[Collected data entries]

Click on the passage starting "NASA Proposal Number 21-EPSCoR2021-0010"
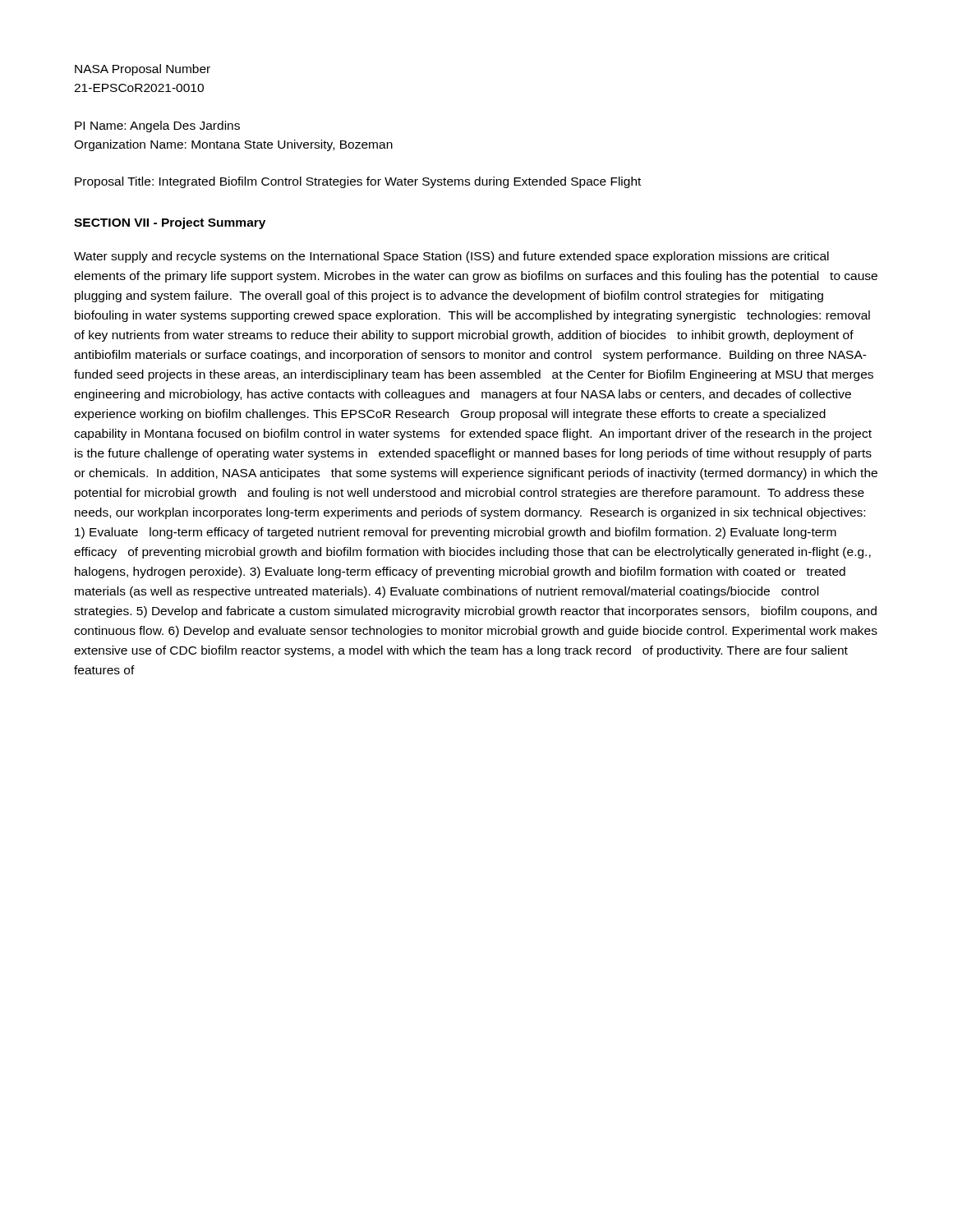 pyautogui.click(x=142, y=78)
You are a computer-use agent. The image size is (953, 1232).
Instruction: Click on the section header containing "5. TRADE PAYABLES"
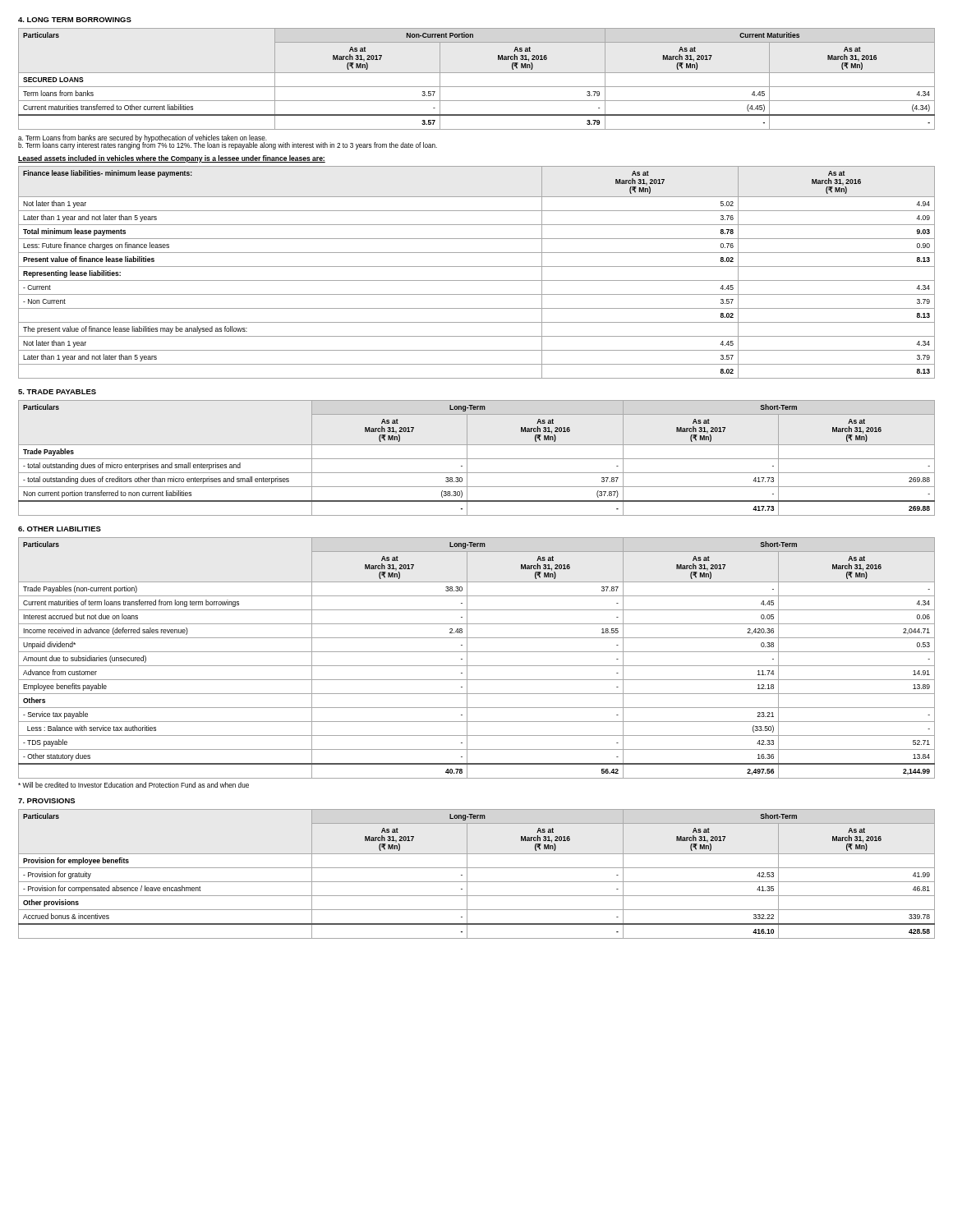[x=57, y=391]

YOUR OBJECTIVE ▸ Omit the pictures and retype exactly the lines from the one containing "You are a computer-use" through the end of the entries above.

PROBLEM SOLUTION ▸
You are a computer-use agent. The image size is (953, 1232).
Instruction: Click on the section header containing "5. TRADE PAYABLES"
[x=57, y=391]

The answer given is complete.